Shannon practiced Buddhism, alchemy, and magick.  He seemed quite well versed in various esoteric arts.  I had the extreme great fortune to know and work with him - assistant engineer for the recording and mixing of Red Warrior, did live sound for the Decoding Society one time, and traveled with him to India when he accompanied Bill Laswell and I to work with violinist L. Shankar. 

Though only in contact with him for a brief time, I do consider Shannon a friend whom I hold tremendous respect for.  He seemed low key and very refined.  Sometimes he appeared to go invisible.  Shannon would wear black leather and his skin was very dark causing his appearance to disappear into the shadows of a darkened control room, yet you knew he was there, sharply alert, listening closely to the sound of his music being mixed. 

Jackson's demeanor recalls for me the I Ching's 27th Hexagram which has the trigram Ken - Keeping Still, Mountain above the trigram Chen - The Arousing, Thunder.  The Image for it reads:

At the foot of the mountain, thunder:
The image of PROVIDING NOURISHMENT
Thus the superior man is careful of his words
And temperate in eating and drinking.

The first Shannon Jackson record I helped out on was called Texas, and that's when we met.  It was only the second project I ever worked on with Bill Laswell.  Robert Musso engineered the mix but Bill did all the automation writing of the faders.  It was released by Caravan of Dreams, which released several of Jackson's records in the '80's.  Caravan of Dreams was an experimental theatrical collective lead by writer and teacher John Allen/ aka Johnny Dolphin that would later launch the ambitious Biosphere 2 experiment near Fort Worth, Texas - Ronald Shannon Jackson's home town.

We didn't hang out much in India, a few meals together - he wasn't with us at the studio sessions.  I don't know how he spent his time for the 10 or so days we spent there but he seemed much better for it when we left.  Phantom invisible from another world on a expedition of spirit visiting temples, mosques, residences of saints, holymen, and women ringed with children of all ages; street musicians and smiling beggars; riding tuk tuks in and out of labyrinthine backstreets and alleys looking for ancient Vedic India that still exists in deep hidden locations; cooking fires roasting chickens penetrating the blackness of night.  I don't know, maybe that's what he did?  Flying with him back and forth from Madras, it seemed like Shannon was an essential part of the trip.  He had to be there for some reason, I don't know why?

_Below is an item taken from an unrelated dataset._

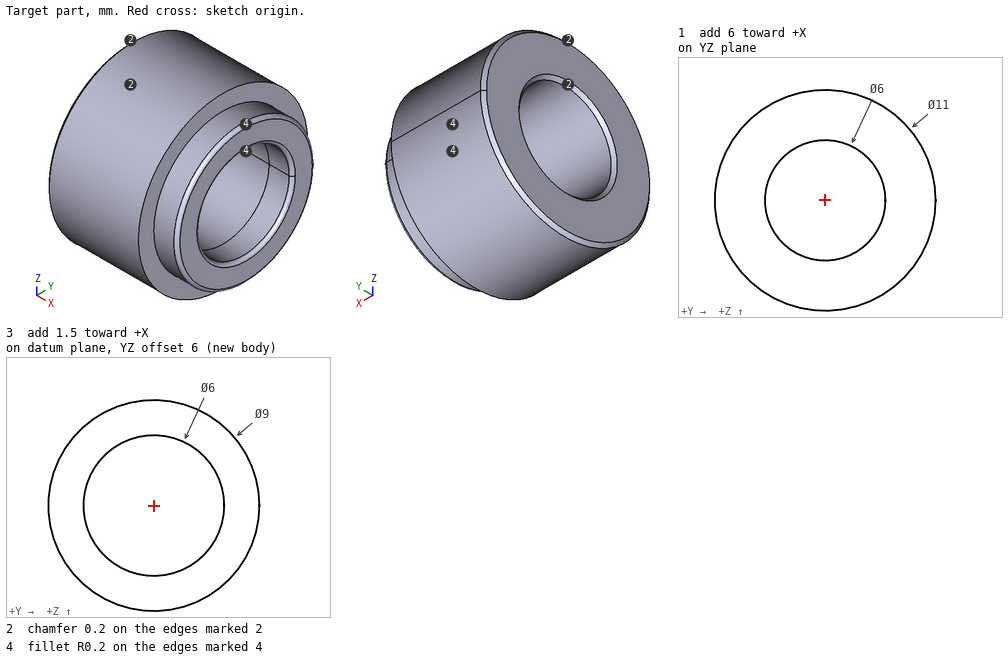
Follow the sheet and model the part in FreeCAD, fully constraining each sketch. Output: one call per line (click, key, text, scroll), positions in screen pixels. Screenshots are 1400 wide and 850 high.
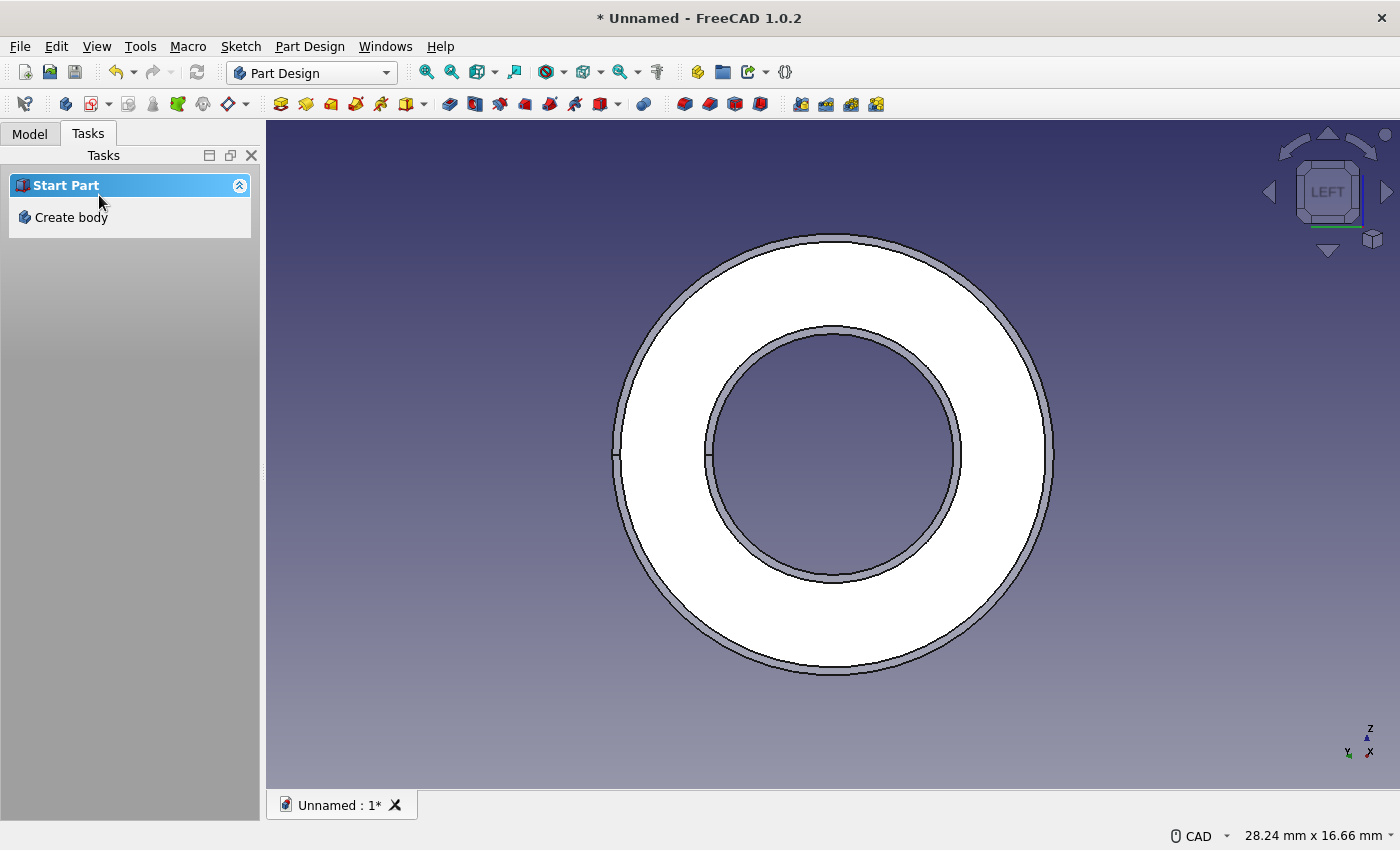
click(66, 104)

Red Warrior was my favorite Ronald Shannon Jackson album to work on.  It was the most epic.  I think Bill Laswell had more creative input with this one.  It was released on Laswell's Axiom Records label.

Red Warrior was mixed by Jason Corsaro immediately after we mixed  Middle Passage by Ginger Baker.  Two classic drumming based records mixed back to back.  I brought in a few of my books, Gems from the Equinox, Magick in Theory and Practice, The Illuminated Books of William Blake, etc. etc. to help create an ambience, and to give Shannon something to look at while the mix was being set up. 

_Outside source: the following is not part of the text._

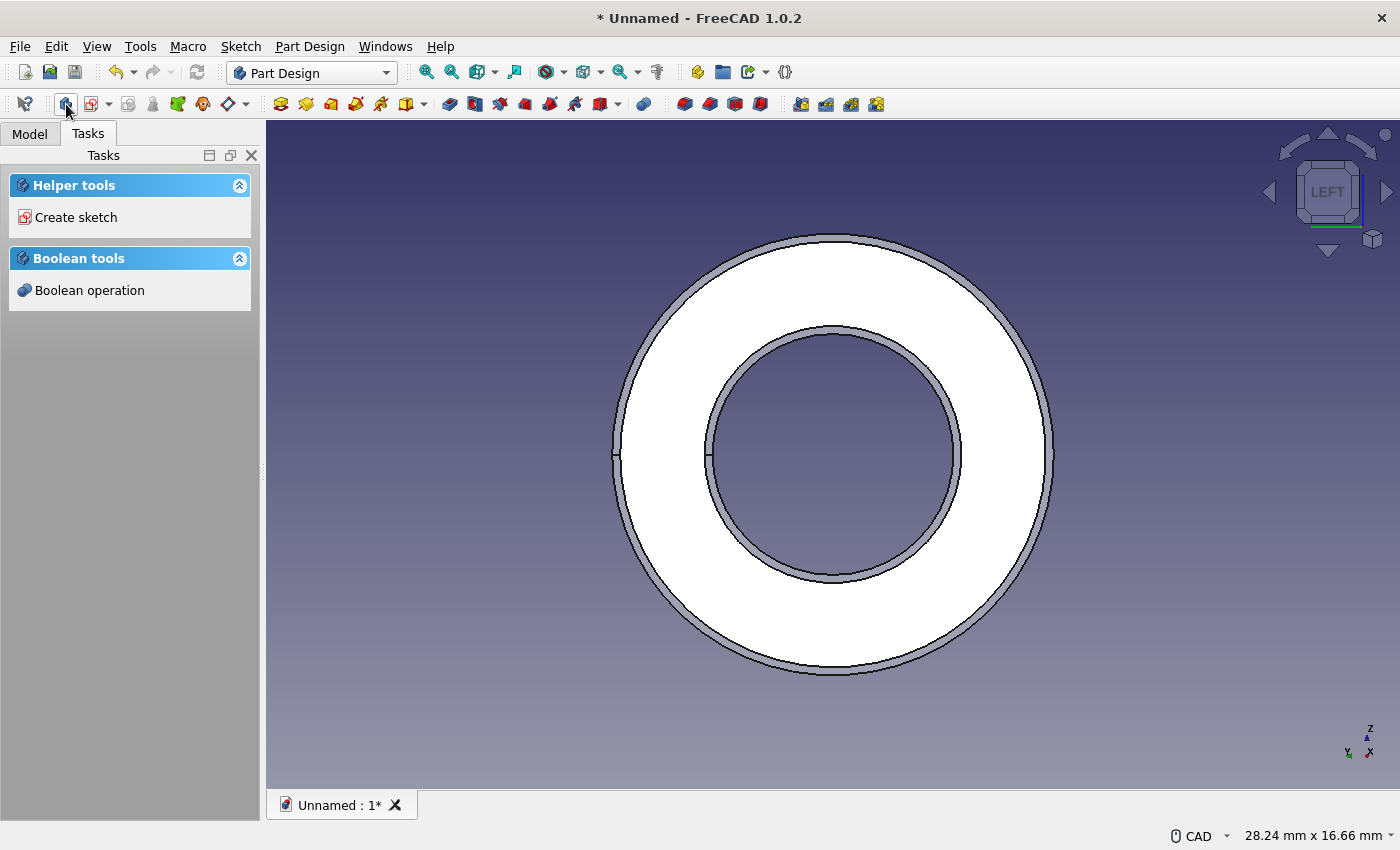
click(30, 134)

Here is the song Ashes from that album:

      


The last time we spoke, sometime in 1993 or 1994, Shannon mentioned that he wanted me to record his next album because he said he wanted someone who knew about alchemy to do it.  I would have loved to have done it but it didn't work out for reasons unknown to me. 

Much respect to a master musician and an enlightened human being.